#### Aim of the exercise:
Consider the entries given below. Count the lines that include "listed" and give only the count.

Collection entries
═══

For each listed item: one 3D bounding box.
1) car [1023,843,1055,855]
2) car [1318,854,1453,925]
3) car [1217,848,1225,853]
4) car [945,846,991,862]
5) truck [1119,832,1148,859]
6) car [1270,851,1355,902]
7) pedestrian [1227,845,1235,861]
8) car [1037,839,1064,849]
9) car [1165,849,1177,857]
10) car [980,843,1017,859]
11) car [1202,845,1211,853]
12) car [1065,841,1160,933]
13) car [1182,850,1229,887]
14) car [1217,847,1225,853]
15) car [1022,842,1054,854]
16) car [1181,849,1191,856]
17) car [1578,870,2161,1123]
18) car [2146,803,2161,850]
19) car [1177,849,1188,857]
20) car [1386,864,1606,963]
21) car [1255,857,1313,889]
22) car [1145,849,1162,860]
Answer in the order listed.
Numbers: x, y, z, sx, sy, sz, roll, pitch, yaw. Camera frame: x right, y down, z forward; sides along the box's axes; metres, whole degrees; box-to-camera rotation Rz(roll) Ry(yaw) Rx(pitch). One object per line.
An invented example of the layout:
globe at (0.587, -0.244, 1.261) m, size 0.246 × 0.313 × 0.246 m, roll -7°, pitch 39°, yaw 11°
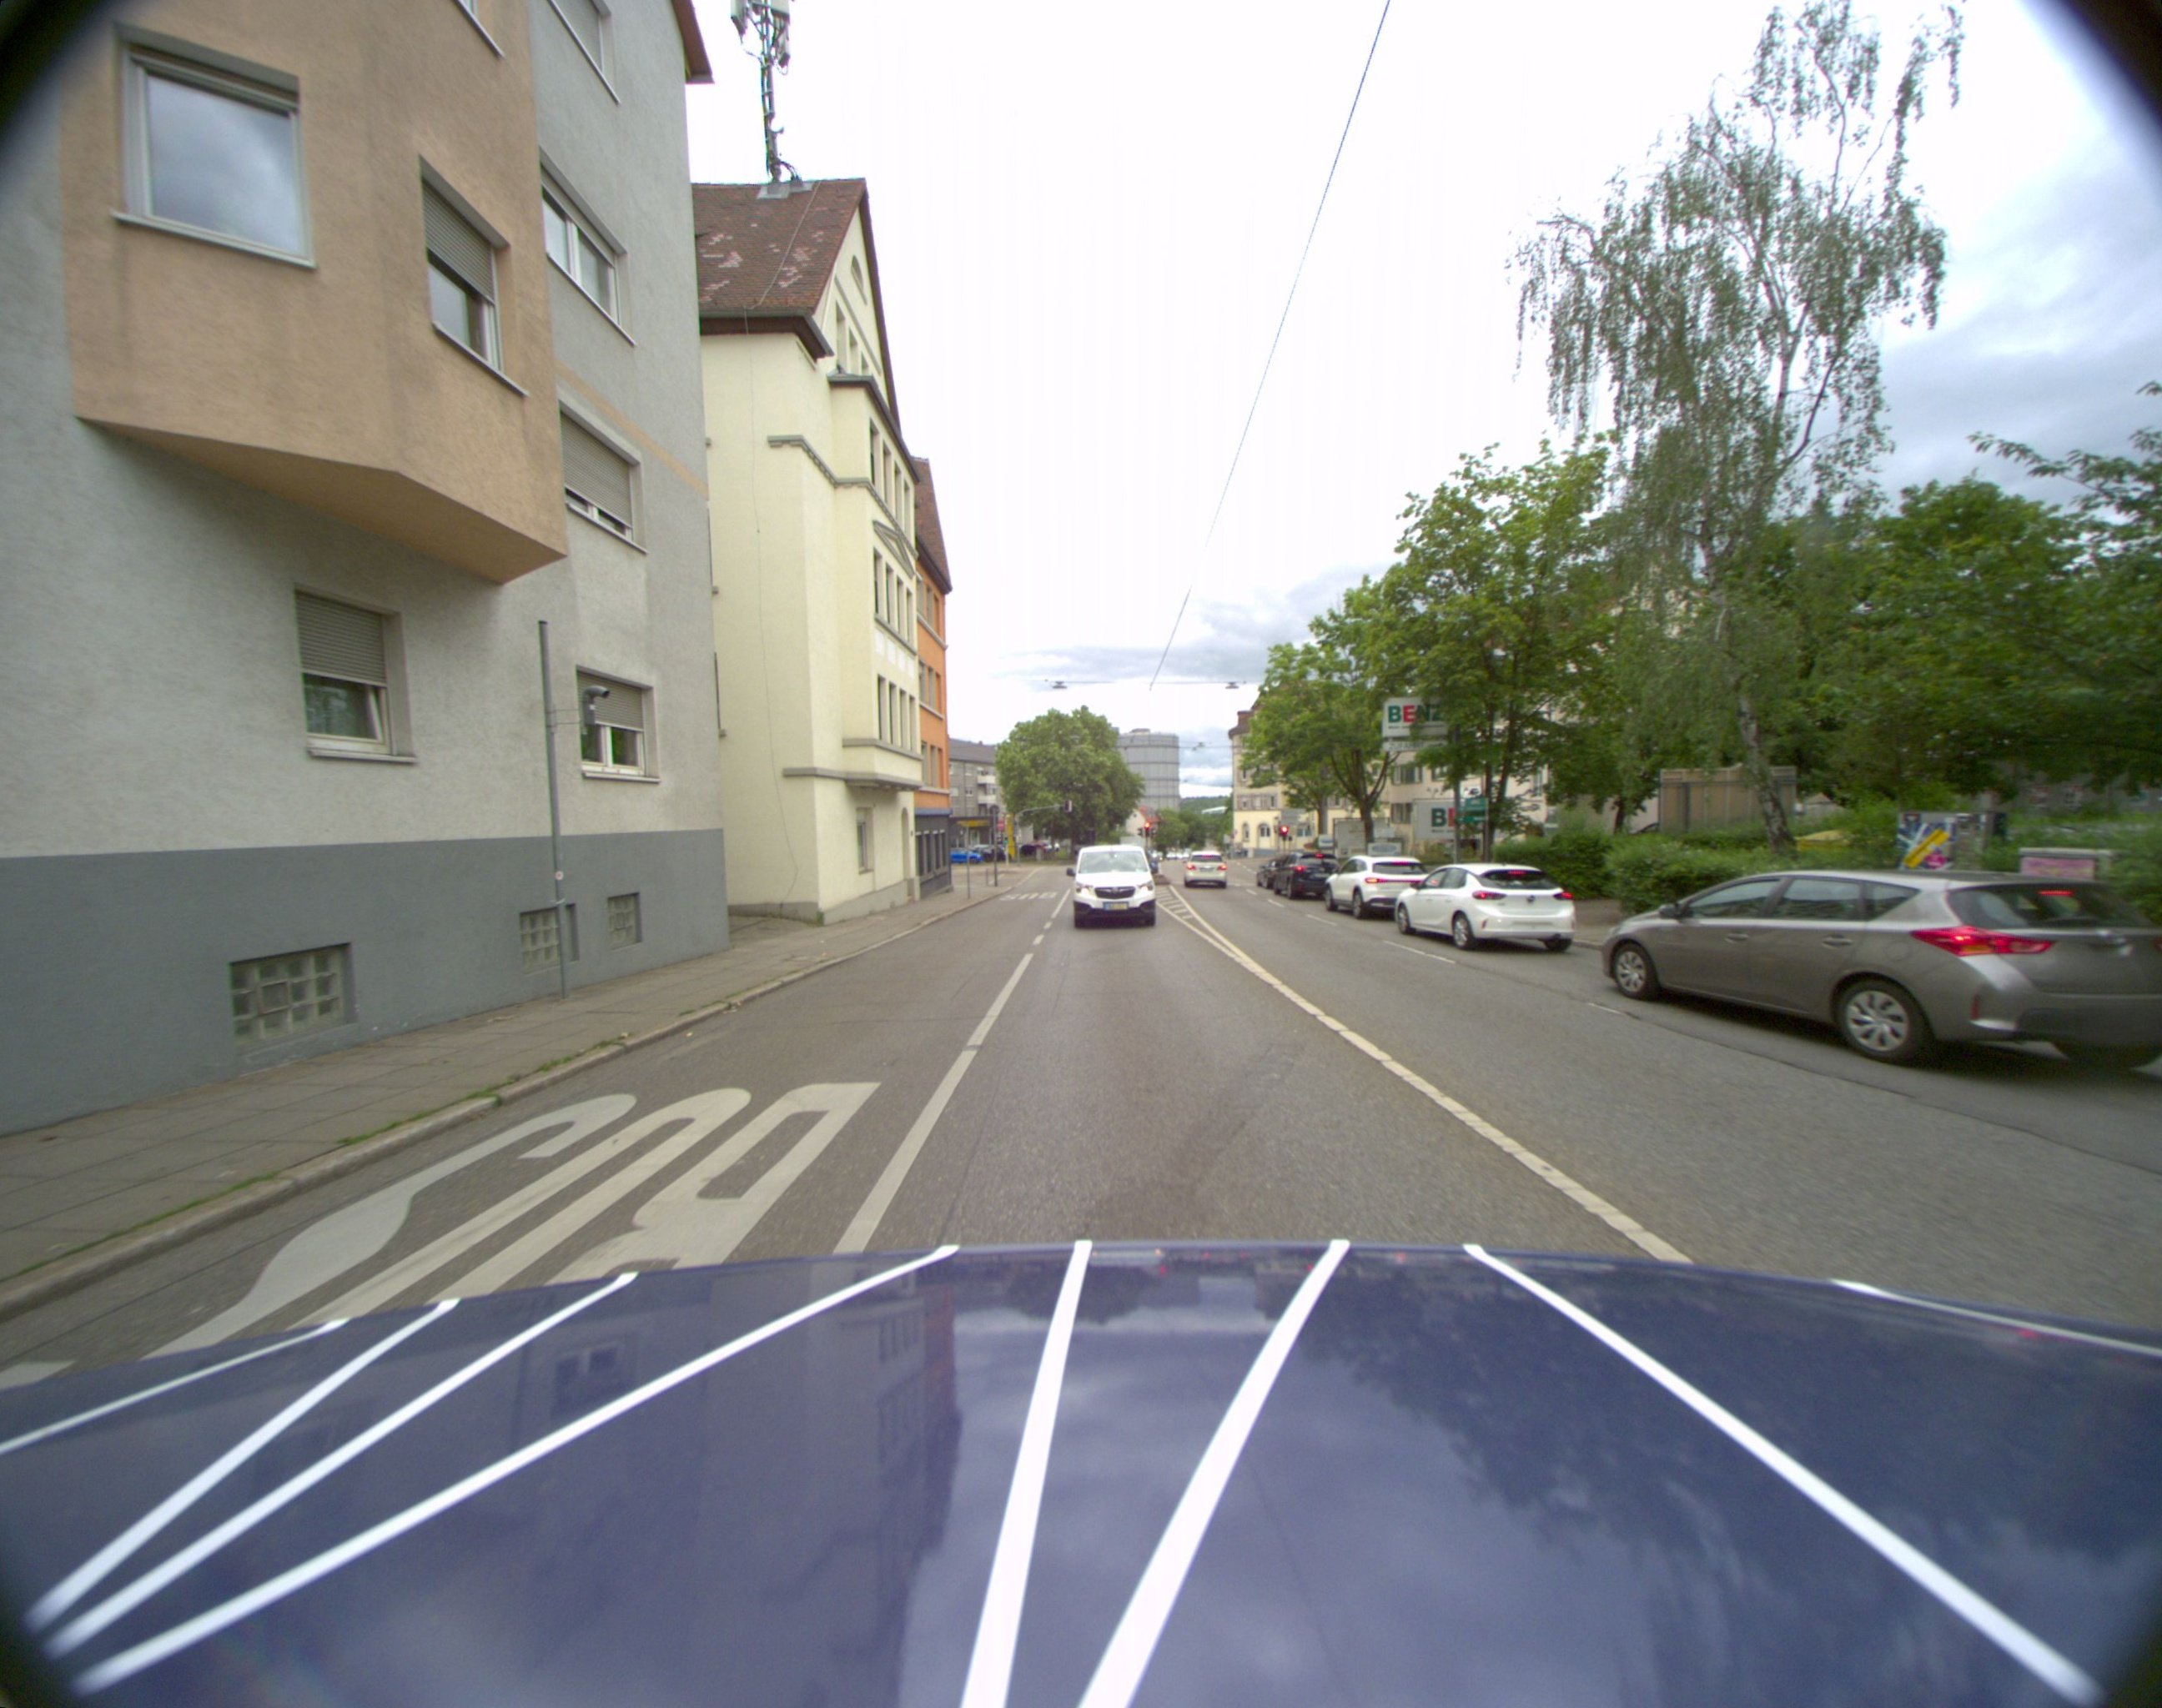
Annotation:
car at (-5.836, -0.701, 106.084) m, size 4.007 × 1.496 × 1.858 m, roll -2°, pitch 2°, yaw -33°
car at (7.839, 0.839, 20.058) m, size 1.956 × 1.584 × 4.498 m, roll 1°, pitch 1°, yaw 3°
car at (41.545, -1.044, 225.425) m, size 1.996 × 1.590 × 4.004 m, roll -3°, pitch 0°, yaw 13°
car at (-11.179, -0.010, 75.242) m, size 4.255 × 1.568 × 1.830 m, roll 1°, pitch 0°, yaw 2°
truck at (7.414, -1.254, 106.062) m, size 2.769 × 3.482 × 8.176 m, roll -2°, pitch 1°, yaw 12°
car at (8.216, 0.732, 27.398) m, size 1.955 × 1.633 × 4.414 m, roll 1°, pitch 1°, yaw 4°
pedestrian at (18.234, -0.110, 92.413) m, size 0.746 × 1.925 × 0.904 m, roll -4°, pitch 1°, yaw 11°
car at (-4.475, -1.488, 112.472) m, size 3.624 × 1.496 × 1.787 m, roll -2°, pitch 2°, yaw -41°
car at (18.534, -0.160, 155.814) m, size 1.996 × 1.590 × 4.004 m, roll -3°, pitch 0°, yaw 13°
car at (-9.211, -0.324, 85.259) m, size 1.823 × 1.599 × 4.178 m, roll 7°, pitch 4°, yaw 34°
car at (30.489, -1.270, 184.533) m, size 1.868 × 1.873 × 4.288 m, roll 1°, pitch 1°, yaw 10°
car at (0.717, 0.662, 17.995) m, size 1.888 × 1.827 × 4.676 m, roll -2°, pitch 0°, yaw 2°
car at (5.547, 0.604, 34.190) m, size 1.779 × 1.538 × 4.326 m, roll 1°, pitch 1°, yaw 5°
car at (39.523, -1.122, 214.407) m, size 1.996 × 1.590 × 4.004 m, roll -3°, pitch 0°, yaw 13°
car at (-5.868, -0.857, 103.415) m, size 4.007 × 1.496 × 1.858 m, roll -2°, pitch 2°, yaw -36°
car at (26.300, -0.445, 190.523) m, size 1.996 × 1.590 × 4.004 m, roll -3°, pitch 0°, yaw 13°
car at (6.787, 0.928, 6.859) m, size 1.843 × 1.439 × 4.311 m, roll 0°, pitch 1°, yaw 1°
car at (38.723, -0.987, 24.966) m, size 1.922 × 1.664 × 3.930 m, roll -2°, pitch 1°, yaw 0°
car at (22.861, -0.196, 170.581) m, size 1.996 × 1.590 × 4.004 m, roll -3°, pitch 0°, yaw 13°
car at (7.237, 0.949, 13.800) m, size 1.843 × 1.404 × 4.074 m, roll 1°, pitch 1°, yaw 2°
car at (8.959, 0.797, 33.801) m, size 1.805 × 1.274 × 4.238 m, roll 1°, pitch 1°, yaw 6°
car at (11.728, 0.128, 122.711) m, size 1.996 × 1.620 × 4.413 m, roll -2°, pitch 1°, yaw 13°

═══

#### Solution below:
2